Quota and capacity hygiene

Quota drifts as teams grow. We set up quota enforcement, idle job reaping, and reporting on who holds what, so capacity stays available as the organization scales.

Optional retainer

If you want backup while your team builds operational depth, we offer a retainer for GPU and Kubernetes incidents while your team handles the rest and gradually takes on more.

Failure modes we harden against

What we have seen break on GPU clusters

The unplanned driver change

A node reboots and pulls a newer driver than the rest of the fleet. CUDA workloads fail in ways that look like application bugs. Pinning drivers and gating promotion keeps the fleet consistent and makes upgrades deliberate.

The node that fails jobs but not health checks

A GPU starts throwing Xid errors but the node stays Ready, so the scheduler keeps placing jobs on it and they keep dying. Health checks that cordon on GPU-level signals, not just kubelet liveness, stop this.

The upgrade that keeps getting deferred

The cluster falls behind on Kubernetes and driver versions because no one has a tested process for upgrading it. We build and rehearse the upgrade path so it is a routine operation.

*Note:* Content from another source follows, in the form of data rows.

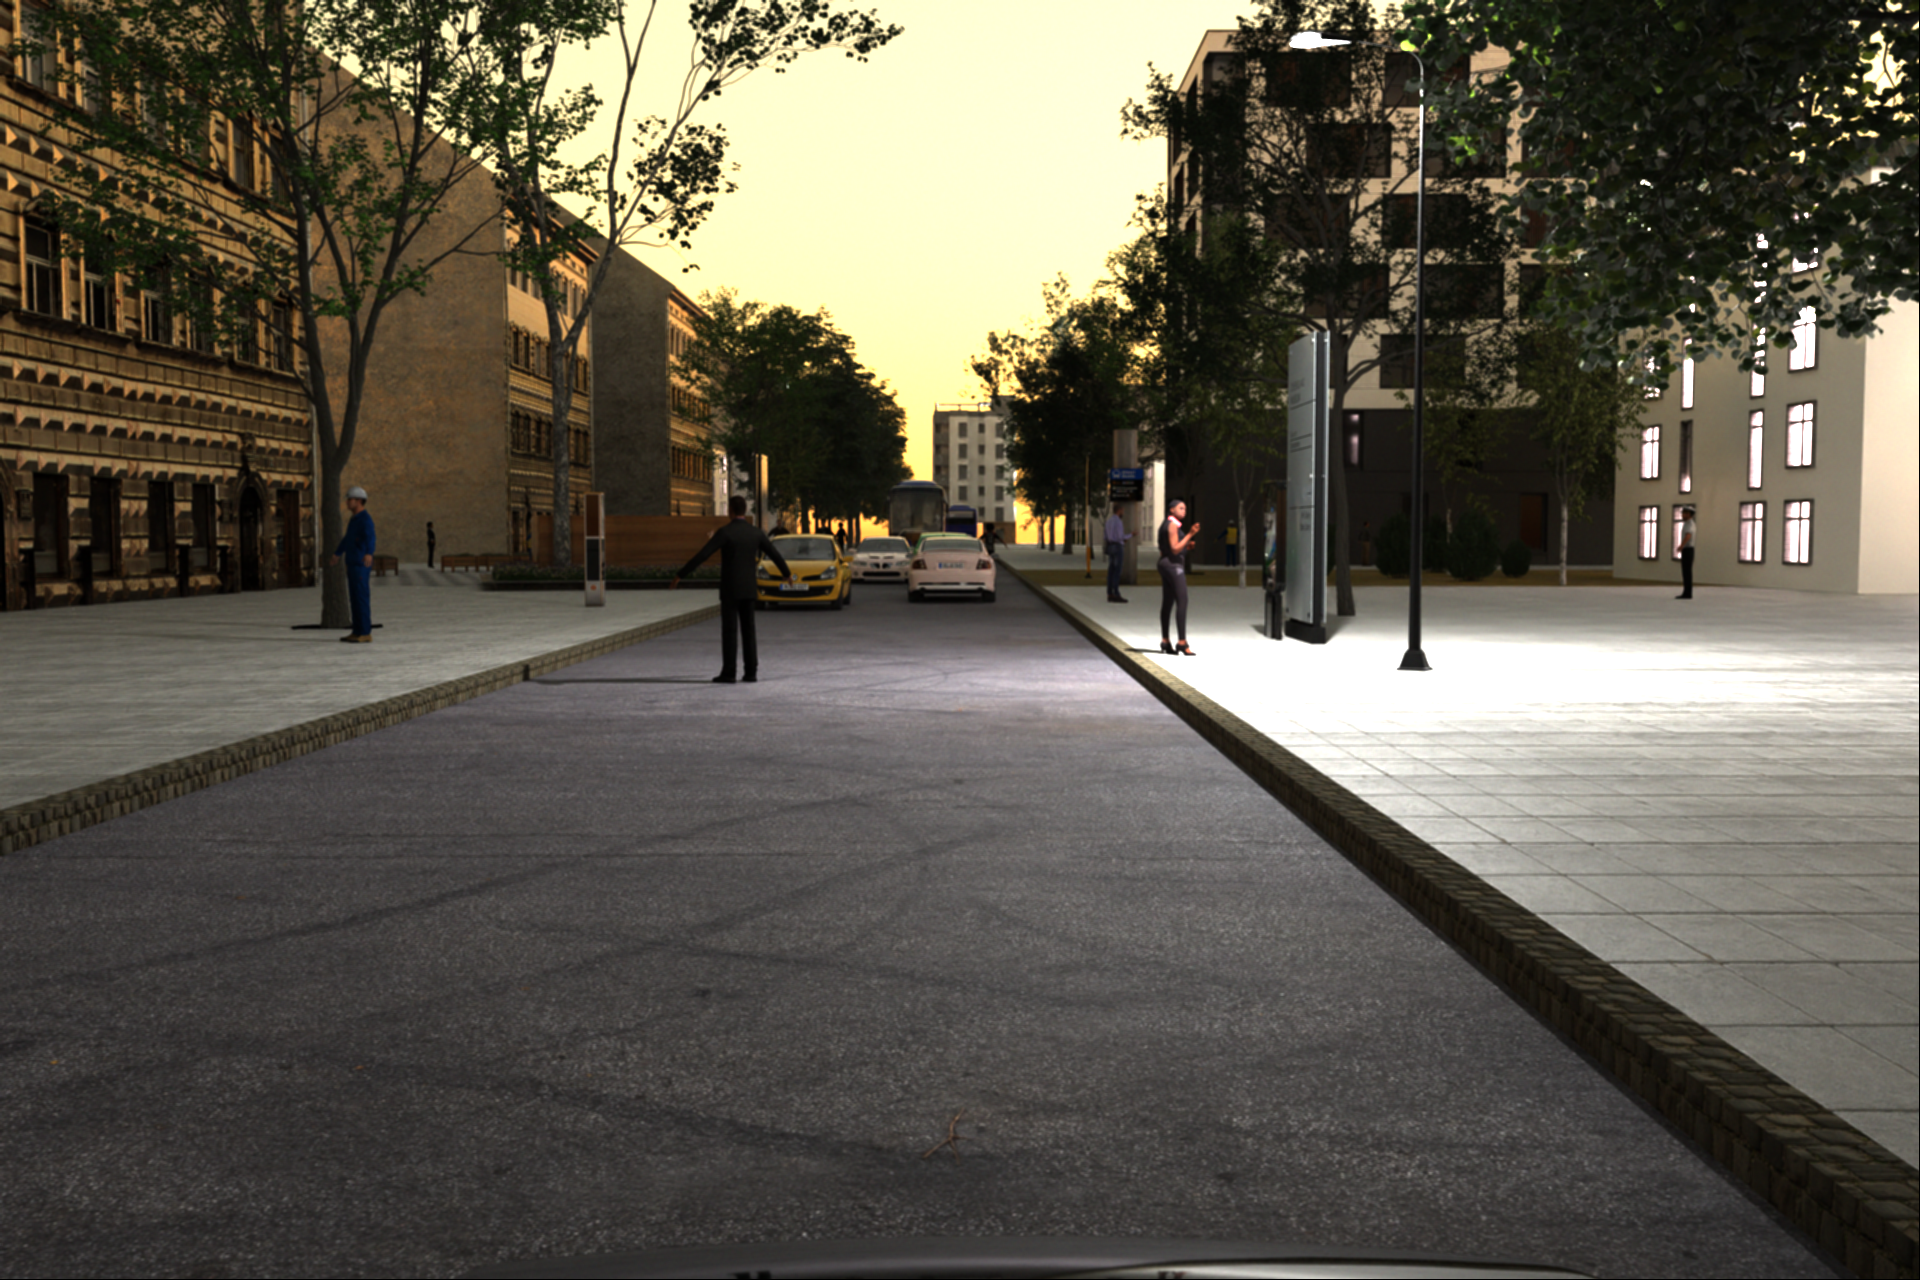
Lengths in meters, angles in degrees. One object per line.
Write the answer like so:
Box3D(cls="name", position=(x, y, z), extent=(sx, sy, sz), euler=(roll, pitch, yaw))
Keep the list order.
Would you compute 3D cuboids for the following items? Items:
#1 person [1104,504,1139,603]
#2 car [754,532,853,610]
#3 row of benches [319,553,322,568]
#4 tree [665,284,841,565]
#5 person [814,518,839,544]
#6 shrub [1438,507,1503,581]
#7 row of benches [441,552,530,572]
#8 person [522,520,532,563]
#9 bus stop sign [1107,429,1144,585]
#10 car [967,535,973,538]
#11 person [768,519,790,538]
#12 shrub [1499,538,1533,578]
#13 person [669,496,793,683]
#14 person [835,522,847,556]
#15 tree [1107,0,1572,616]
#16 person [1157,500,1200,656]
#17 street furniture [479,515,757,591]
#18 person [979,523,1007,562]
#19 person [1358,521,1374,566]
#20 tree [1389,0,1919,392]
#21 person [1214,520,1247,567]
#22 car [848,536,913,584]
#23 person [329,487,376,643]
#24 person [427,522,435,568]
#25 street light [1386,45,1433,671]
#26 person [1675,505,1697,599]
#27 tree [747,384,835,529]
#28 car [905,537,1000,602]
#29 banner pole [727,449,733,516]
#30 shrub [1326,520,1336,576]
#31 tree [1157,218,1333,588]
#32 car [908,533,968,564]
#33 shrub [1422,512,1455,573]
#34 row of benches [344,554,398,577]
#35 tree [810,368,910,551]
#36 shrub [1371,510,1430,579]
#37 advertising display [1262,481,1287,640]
Box3D(cls="person", position=(3.044, -1.630, 32.565), extent=(0.599, 1.838, 0.709), euler=(-2, 4, -24))
Box3D(cls="car", position=(-3.060, -1.443, 33.815), extent=(2.015, 1.641, 3.980), euler=(0, 4, 0))
Box3D(cls="row of benches", position=(-22.190, -2.487, 56.127), extent=(4.104, 0.672, 1.422), euler=(-1, 4, -21))
Box3D(cls="tree", position=(-8.606, -9.000, 72.897), extent=(9.928, 11.665, 9.643), euler=(0, 3, 0))
Box3D(cls="person", position=(-4.762, -3.321, 60.230), extent=(1.347, 1.837, 0.705), euler=(2, 4, 27))
Box3D(cls="shrub", position=(13.859, -2.604, 46.998), extent=(1.690, 2.028, 1.600), euler=(0, 3, 0))
Box3D(cls="row of benches", position=(-15.979, -2.704, 59.666), extent=(1.422, 0.672, 4.104), euler=(3, 4, 36))
Box3D(cls="person", position=(-13.084, -2.835, 52.820), extent=(0.721, 1.772, 1.216), euler=(0, 4, 6))
Box3D(cls="bus stop sign", position=(4.177, -3.350, 43.787), extent=(0.837, 3.901, 0.837), euler=(0, 4, 0))
Box3D(cls="car", position=(-0.113, -3.557, 70.167), extent=(2.014, 1.417, 4.499), euler=(0, 4, -1))
Box3D(cls="person", position=(-6.348, -3.355, 60.993), extent=(1.346, 1.812, 0.704), euler=(-1, 4, -14))
Box3D(cls="shrub", position=(16.425, -2.450, 51.167), extent=(1.383, 1.207, 1.383), euler=(0, 3, 0))
Box3D(cls="person", position=(-2.161, -0.493, 16.750), extent=(1.346, 1.802, 0.704), euler=(-3, 4, -37))
Box3D(cls="person", position=(-5.266, -4.277, 76.121), extent=(0.705, 1.806, 1.347), euler=(2, 4, 26))
Box3D(cls="tree", position=(5.733, -5.661, 26.972), extent=(7.601, 10.594, 8.767), euler=(1, 4, 12))
Box3D(cls="person", position=(2.343, -0.665, 18.389), extent=(0.593, 1.643, 0.415), euler=(3, 5, 41))
Box3D(cls="street furniture", position=(-9.231, -2.161, 42.186), extent=(9.812, 1.723, 11.010), euler=(-1, 4, -16))
Box3D(cls="person", position=(1.055, -3.270, 62.068), extent=(1.345, 1.843, 0.704), euler=(-1, 4, -9))
Box3D(cls="person", position=(16.321, -3.868, 69.512), extent=(0.705, 1.796, 1.348), euler=(-1, 4, -18))
Box3D(cls="tree", position=(6.284, -6.280, 9.332), extent=(9.857, 13.997, 8.962), euler=(0, 3, 0))
Box3D(cls="person", position=(10.675, -3.809, 68.241), extent=(1.349, 1.833, 0.705), euler=(-1, 4, -9))
Box3D(cls="car", position=(-2.254, -2.390, 51.436), extent=(2.083, 1.381, 4.827), euler=(0, 4, 0))
Box3D(cls="person", position=(-7.169, -0.898, 20.558), extent=(0.705, 1.842, 1.347), euler=(-3, 4, -37))
Box3D(cls="person", position=(-19.844, -3.578, 65.219), extent=(0.721, 1.740, 1.216), euler=(-1, 4, -15))
Box3D(cls="street light", position=(4.830, -2.668, 16.160), extent=(1.470, 5.913, 1.316), euler=(0, 4, 0))
Box3D(cls="person", position=(14.398, -1.747, 34.360), extent=(0.704, 1.855, 1.343), euler=(2, 4, 27))
Box3D(cls="tree", position=(-8.530, -8.226, 84.858), extent=(4.737, 8.622, 4.395), euler=(0, 3, 0))
Box3D(cls="car", position=(-0.166, -1.553, 37.756), extent=(2.083, 1.381, 4.827), euler=(0, 4, 0))
Box3D(cls="banner pole", position=(-6.822, -3.762, 51.524), extent=(0.401, 3.779, 0.863), euler=(0, 4, 2))
Box3D(cls="shrub", position=(9.879, -2.727, 48.632), extent=(1.661, 2.075, 1.752), euler=(0, 3, 0))
Box3D(cls="tree", position=(6.634, -5.506, 40.381), extent=(4.737, 8.622, 4.395), euler=(0, 3, 0))
Box3D(cls="car", position=(-0.438, -2.297, 46.351), extent=(1.959, 1.807, 4.718), euler=(0, 4, -1))
Box3D(cls="shrub", position=(15.806, -3.241, 57.411), extent=(1.690, 2.028, 1.600), euler=(0, 3, 0))
Box3D(cls="row of benches", position=(-17.890, -2.229, 51.903), extent=(1.422, 0.672, 4.104), euler=(0, 4, 5))
Box3D(cls="tree", position=(-8.486, -13.772, 131.819), extent=(9.857, 13.997, 8.962), euler=(0, 3, 0))
Box3D(cls="shrub", position=(12.705, -2.786, 49.979), extent=(1.690, 2.028, 1.600), euler=(0, 3, 0))
Box3D(cls="advertising display", position=(3.861, -0.984, 21.302), extent=(0.123, 1.923, 0.974), euler=(0, 4, 0))

Allocation at 100%, utilization at 15%

GPUs are allocated but not doing useful work. Pods hold cards they are not using, interactive sessions are left open, and the job queue waits. Idle detection and reaping returns that capacity to the pool. See also cost control and chargeback.

What handoff includes

Your team can run it after we leave

Deliverable	What it is
Upgrade runbook	Tested procedure for Kubernetes, driver, and operator upgrades, with a rollback path for each step.
Incident runbooks	Per-failure-mode procedures for GPU-specific incidents your on-call will encounter.
Monitoring and alerts	DCGM and Prometheus dashboards with alerts tuned to signal real problems, not noise.
Health and draining automation	Automatic cordoning and draining of unhealthy GPU nodes, as code in your repository.
On-call walkthrough	A working session with your team so the runbooks belong to them, not sitting unread.